Нет уверенности в том, что внешняя политика Четвертой республики является лучшей, чем внешняя политика Третьей республики периода ее упадка. Мы отдали наши лучшие силы Индокитаю, той мировой зоне, где у нас нет больше ни интересов, ни возможностей действовать, для многолетней войны, которую мы могли только проиграть, но не выиграть.

В Европе наша дипломатия до 1950 года ухитрилась замедлить восстановление Западной Германии, необходимого и ожидаемого с того момента, когда Россия начала советизацию Восточной Европы, скорее, чтобы воспользоваться ситуацией и скрепить примирение, навязанное обстоятельствами. Начиная с плана Шумана[24] наша дипломатия перешла к другой крайности. Мы слышали, что Италия и страны Бенилюкса собираются создать федеральную республику, что-то типа общего государства. И Федерация Шести становится грандиозной целью, которую провозгласили наши представители. Но как создать Европу, не разрушив Французский союз. И поддержит ли большинство во Франции и в парламенте этот федералистский проект?

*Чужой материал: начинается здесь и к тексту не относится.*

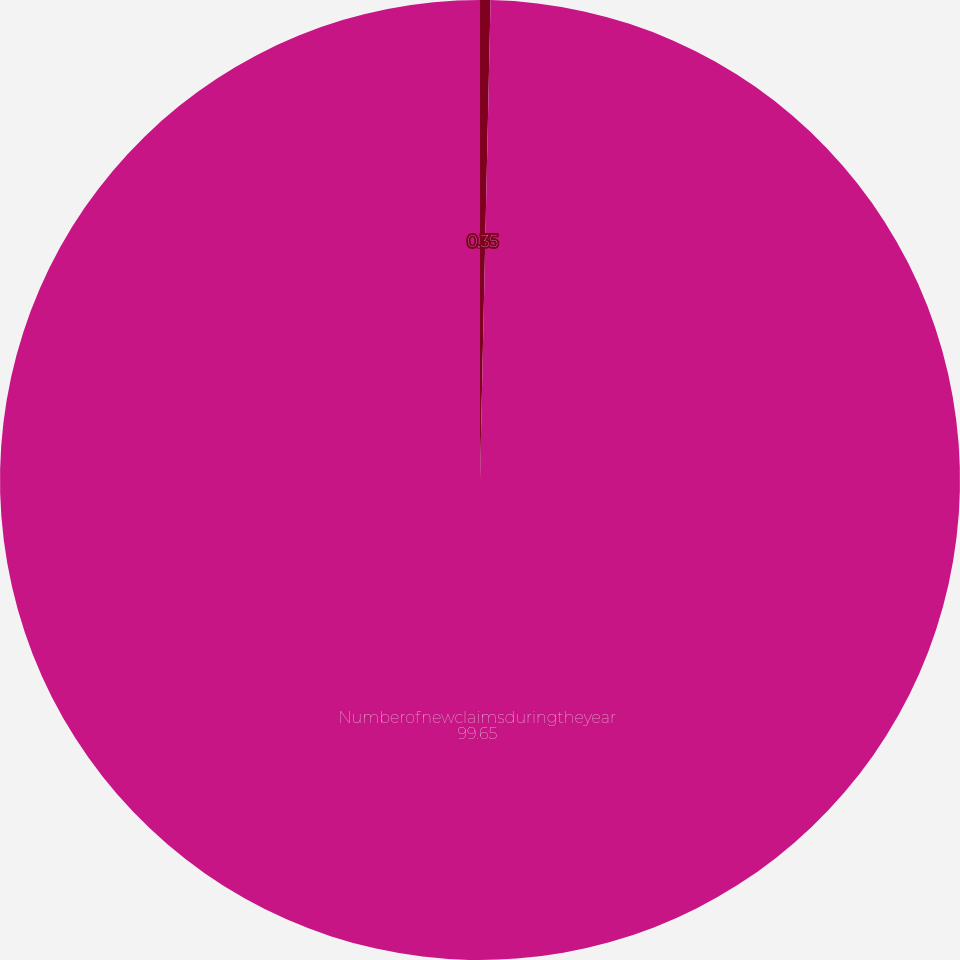<chart> <loc_0><loc_0><loc_500><loc_500><pie_chart><ecel><fcel>Numberofnewclaimsduringtheyear<nl><fcel>0.35%<fcel>99.65%<nl></chart> 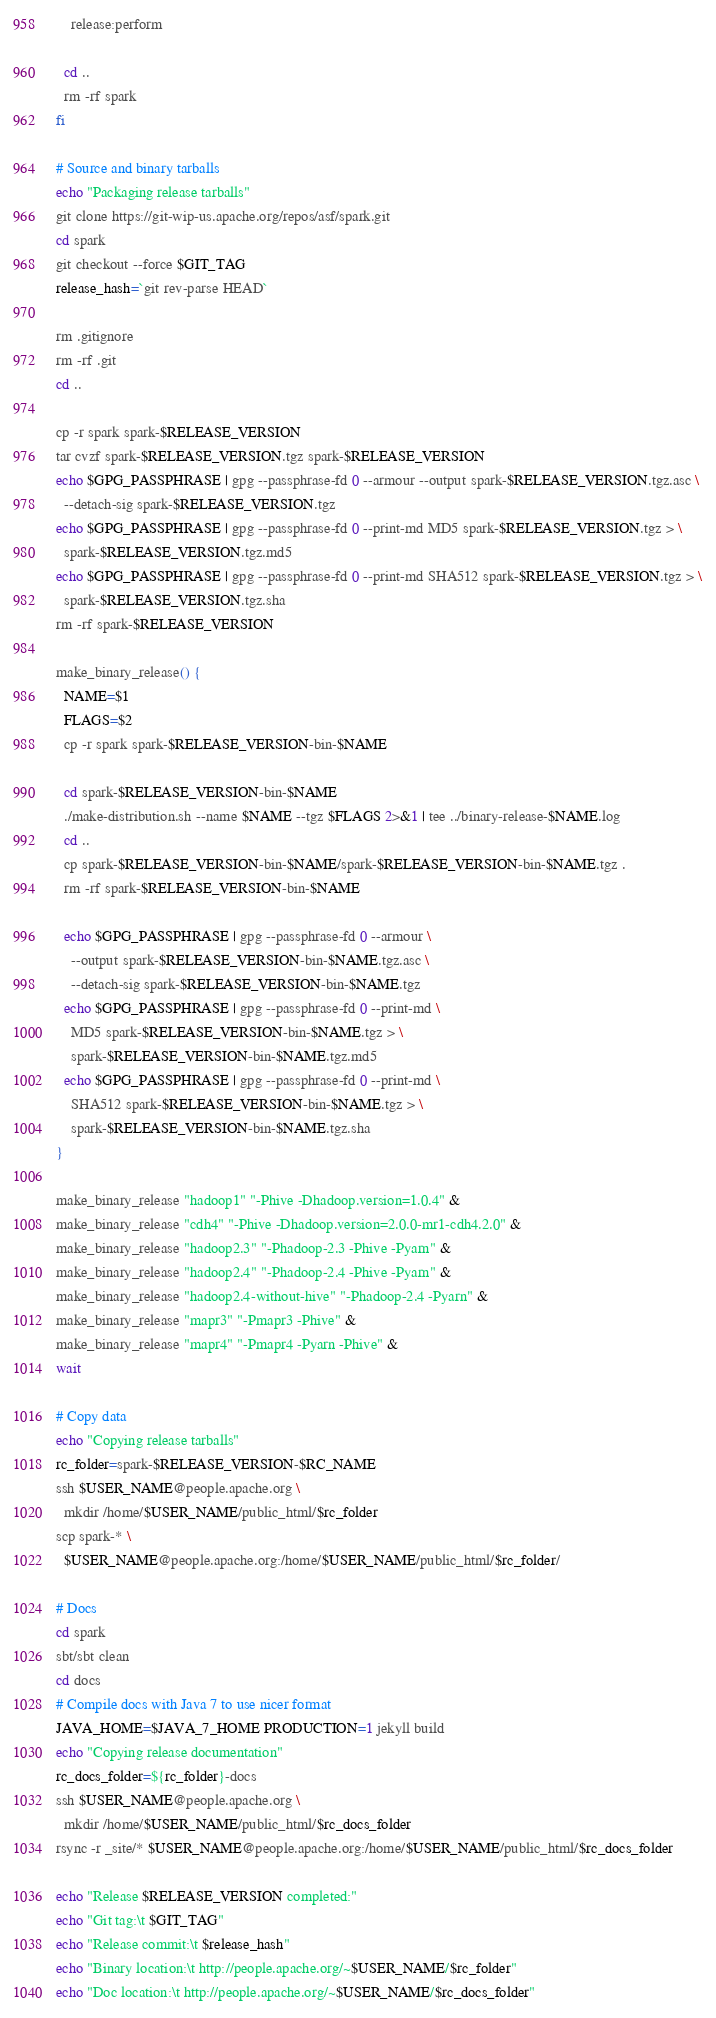<code> <loc_0><loc_0><loc_500><loc_500><_Bash_>    release:perform

  cd ..
  rm -rf spark
fi

# Source and binary tarballs
echo "Packaging release tarballs"
git clone https://git-wip-us.apache.org/repos/asf/spark.git
cd spark
git checkout --force $GIT_TAG
release_hash=`git rev-parse HEAD`

rm .gitignore
rm -rf .git
cd ..

cp -r spark spark-$RELEASE_VERSION
tar cvzf spark-$RELEASE_VERSION.tgz spark-$RELEASE_VERSION
echo $GPG_PASSPHRASE | gpg --passphrase-fd 0 --armour --output spark-$RELEASE_VERSION.tgz.asc \
  --detach-sig spark-$RELEASE_VERSION.tgz
echo $GPG_PASSPHRASE | gpg --passphrase-fd 0 --print-md MD5 spark-$RELEASE_VERSION.tgz > \
  spark-$RELEASE_VERSION.tgz.md5
echo $GPG_PASSPHRASE | gpg --passphrase-fd 0 --print-md SHA512 spark-$RELEASE_VERSION.tgz > \
  spark-$RELEASE_VERSION.tgz.sha
rm -rf spark-$RELEASE_VERSION

make_binary_release() {
  NAME=$1
  FLAGS=$2
  cp -r spark spark-$RELEASE_VERSION-bin-$NAME
  
  cd spark-$RELEASE_VERSION-bin-$NAME
  ./make-distribution.sh --name $NAME --tgz $FLAGS 2>&1 | tee ../binary-release-$NAME.log
  cd ..
  cp spark-$RELEASE_VERSION-bin-$NAME/spark-$RELEASE_VERSION-bin-$NAME.tgz .
  rm -rf spark-$RELEASE_VERSION-bin-$NAME

  echo $GPG_PASSPHRASE | gpg --passphrase-fd 0 --armour \
    --output spark-$RELEASE_VERSION-bin-$NAME.tgz.asc \
    --detach-sig spark-$RELEASE_VERSION-bin-$NAME.tgz
  echo $GPG_PASSPHRASE | gpg --passphrase-fd 0 --print-md \
    MD5 spark-$RELEASE_VERSION-bin-$NAME.tgz > \
    spark-$RELEASE_VERSION-bin-$NAME.tgz.md5
  echo $GPG_PASSPHRASE | gpg --passphrase-fd 0 --print-md \
    SHA512 spark-$RELEASE_VERSION-bin-$NAME.tgz > \
    spark-$RELEASE_VERSION-bin-$NAME.tgz.sha
}

make_binary_release "hadoop1" "-Phive -Dhadoop.version=1.0.4" &
make_binary_release "cdh4" "-Phive -Dhadoop.version=2.0.0-mr1-cdh4.2.0" &
make_binary_release "hadoop2.3" "-Phadoop-2.3 -Phive -Pyarn" &
make_binary_release "hadoop2.4" "-Phadoop-2.4 -Phive -Pyarn" &
make_binary_release "hadoop2.4-without-hive" "-Phadoop-2.4 -Pyarn" &
make_binary_release "mapr3" "-Pmapr3 -Phive" &
make_binary_release "mapr4" "-Pmapr4 -Pyarn -Phive" &
wait

# Copy data
echo "Copying release tarballs"
rc_folder=spark-$RELEASE_VERSION-$RC_NAME
ssh $USER_NAME@people.apache.org \
  mkdir /home/$USER_NAME/public_html/$rc_folder
scp spark-* \
  $USER_NAME@people.apache.org:/home/$USER_NAME/public_html/$rc_folder/

# Docs
cd spark
sbt/sbt clean
cd docs
# Compile docs with Java 7 to use nicer format
JAVA_HOME=$JAVA_7_HOME PRODUCTION=1 jekyll build
echo "Copying release documentation"
rc_docs_folder=${rc_folder}-docs
ssh $USER_NAME@people.apache.org \
  mkdir /home/$USER_NAME/public_html/$rc_docs_folder
rsync -r _site/* $USER_NAME@people.apache.org:/home/$USER_NAME/public_html/$rc_docs_folder

echo "Release $RELEASE_VERSION completed:"
echo "Git tag:\t $GIT_TAG"
echo "Release commit:\t $release_hash"
echo "Binary location:\t http://people.apache.org/~$USER_NAME/$rc_folder"
echo "Doc location:\t http://people.apache.org/~$USER_NAME/$rc_docs_folder"
</code>

Важные решения, от которых зависит мир или война, не принимаются в МИДе на набережной Орсэ. Вероятный крах нашей дипломатии больше не повлечет за собой таких катастрофических последствий, как 20 лет назад. До 1939 года французы имели основания быть недовольными своими правителями потому, что у них еще была точная цель: избежать войны, не потеряв независимости. Сегодня этого минимума общности интересов больше не существует. Большинство высказывается в пользу Европы с ее еще неопределенными границами и за режим собственной страны. С этого времени, когда речь заходит о Европе с четкими границами – о Союзе Шести, – о федеральной или псевдофедеральной Европе, французы разделяются так же, как они разделяются по поводу перевооружения Федеративной Республики, освобождения Восточной Европы или реформ в Тунисе или Марокко. Французы согласны строго осудить неспособность режима установить единую политику. Они жалуются, что нет единой воли, но сильно ли они хотят найти ее?

Во внутренней политике первое десятилетие Четвертой республики было лучше, чем последнее десятилетие Третьей республики. Такое суждение, может быть, возмутит либералов, которые делают акцент на падение курса денежной единицы, усиление государственной бюрократии, развитие экономики, даже если оно влечет за собой инфляцию и стагнацию, пусть и сопровождаемую оздоровлением денежной единицы. Точно так же дефляция 1931–1936 годов, при которой необходимо было приложить усилия, чтобы поддержать обменный курс франка, подготовила социальный взрыв 1936 года и экономические ошибки Народного фронта.

И если речь заходит о сельском хозяйстве, промышленности, общественном законодательстве, страна еще меньше справлялась с этим. Не берусь сказать, что промышленное мальтузианство было окончательно устранено, что крестьяне признали необходимость модернизировать культурные процессы. Консервативный дирижизм[25] – защита в соответствии с принятыми интересами, сбой либеральных или административных механизмов, готовых усилить конверсию второстепенных предприятий, – продолжает свою борьбу. Несмотря на все это, поражение, оккупация, квазиреволюция 1944 года изменили многие привычки, сделав французов более снисходительными к изменениям, менее враждебными к рискам.